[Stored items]

^^^^^^^^^^^^^^^^

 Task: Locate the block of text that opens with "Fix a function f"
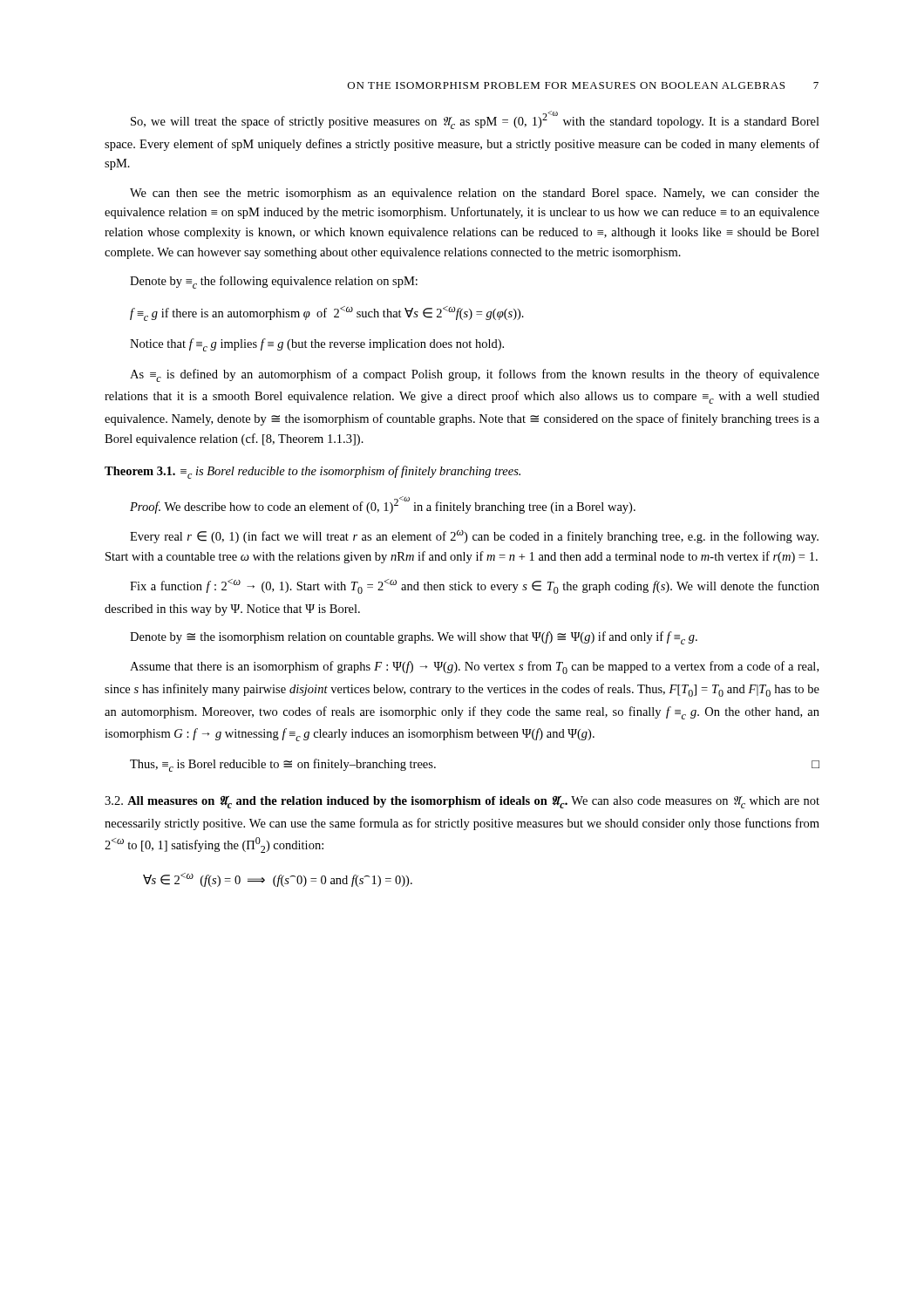462,597
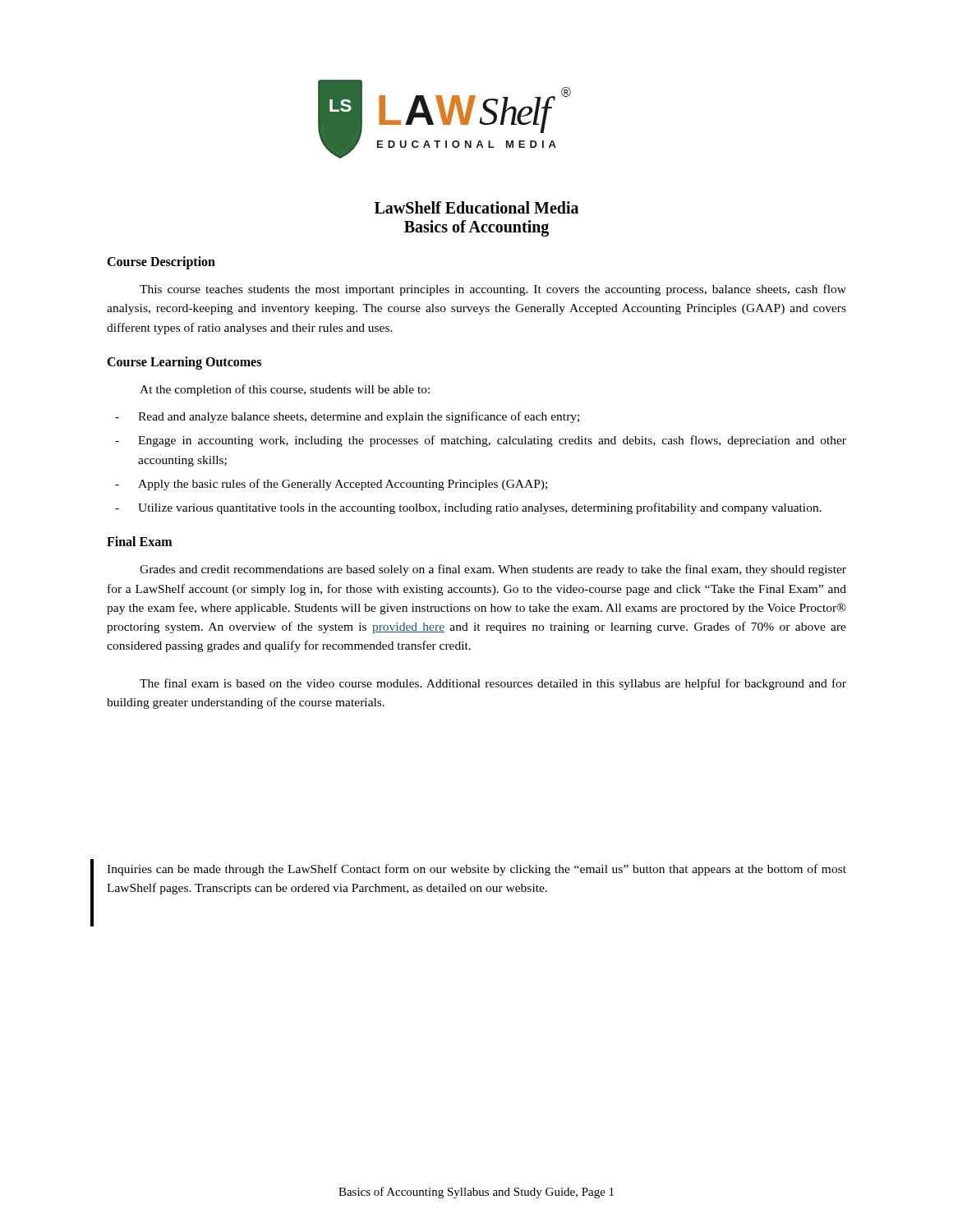Screen dimensions: 1232x953
Task: Select the region starting "- Read and analyze"
Action: click(x=476, y=416)
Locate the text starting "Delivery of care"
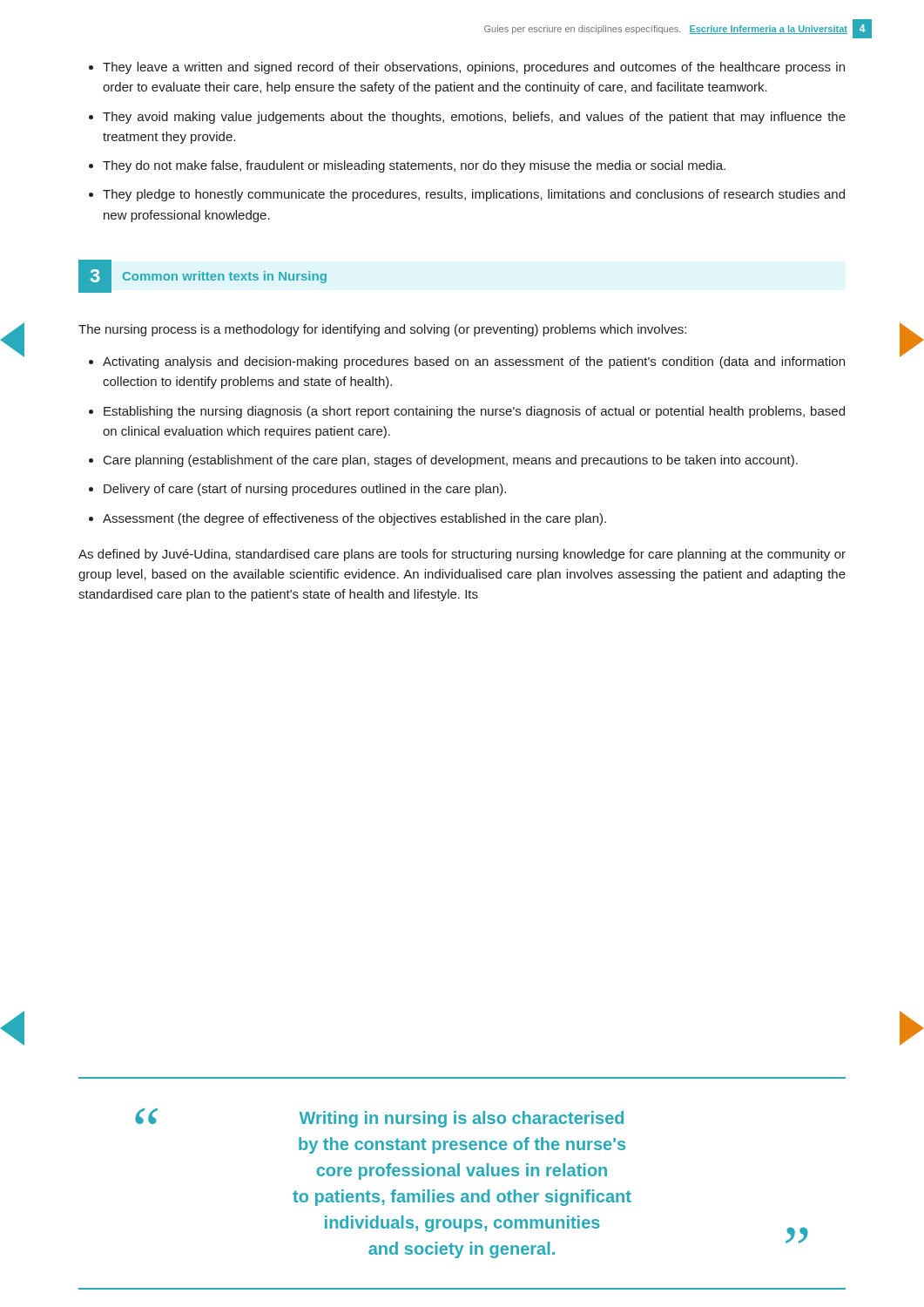Image resolution: width=924 pixels, height=1307 pixels. tap(305, 489)
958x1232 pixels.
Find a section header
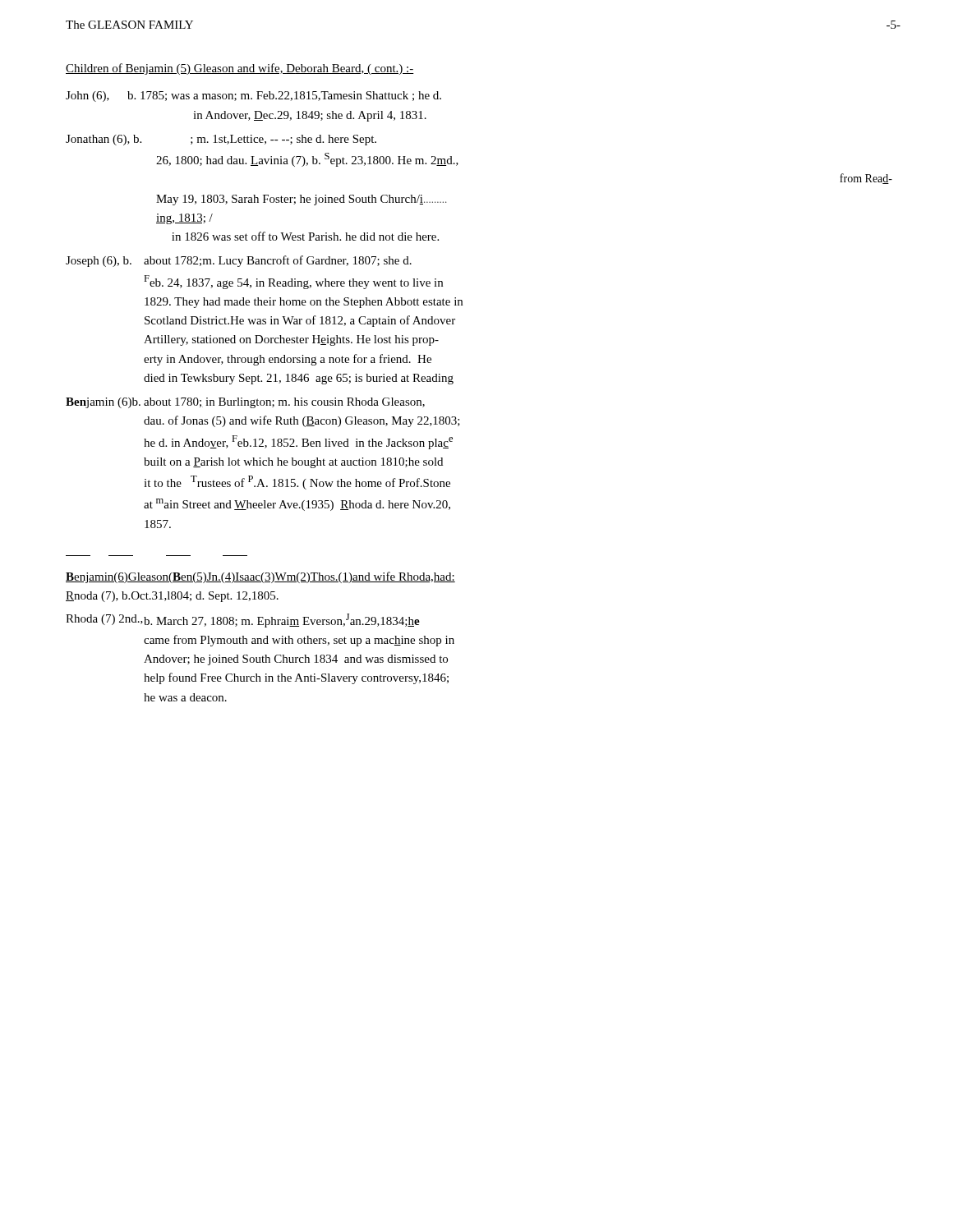(240, 68)
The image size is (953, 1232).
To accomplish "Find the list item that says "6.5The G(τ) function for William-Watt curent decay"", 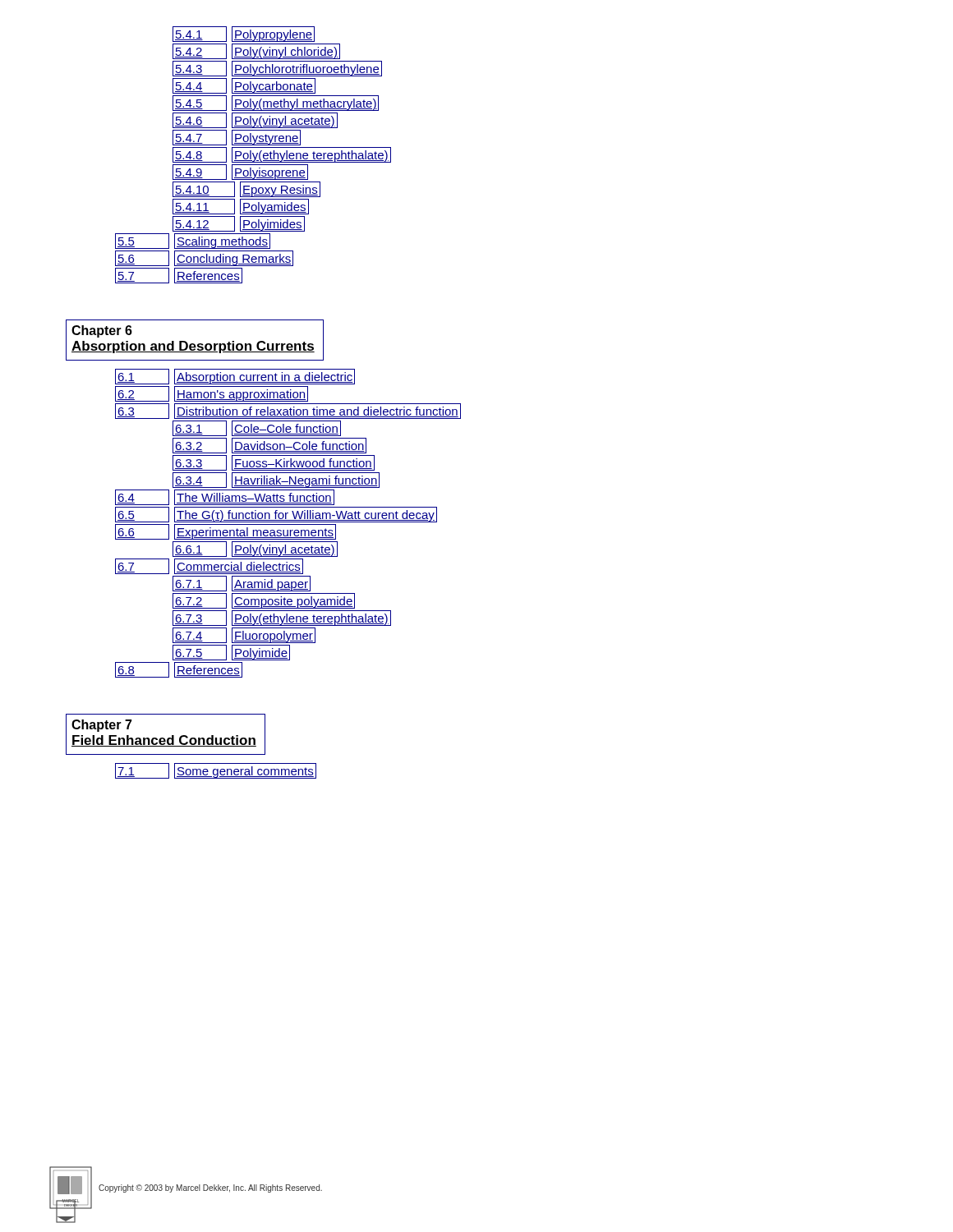I will 276,515.

^^^^^^^^^^^^^^^^

• _Problem to solve_
Print exactly the lines from the first line of the records above through the line containing "The image size is (953, 1232).", leaving out the pictures.

• _Exercise output_
 Task: Locate the block of text that opens with "Fix a function f"
462,597
Screen dimensions: 1232x953
Task: Select the region starting "- Read and analyze"
Action: click(x=476, y=416)
Locate the text starting "Delivery of care"
Image resolution: width=924 pixels, height=1307 pixels. tap(305, 489)
958x1232 pixels.
Find a section header
(240, 68)
The image size is (953, 1232).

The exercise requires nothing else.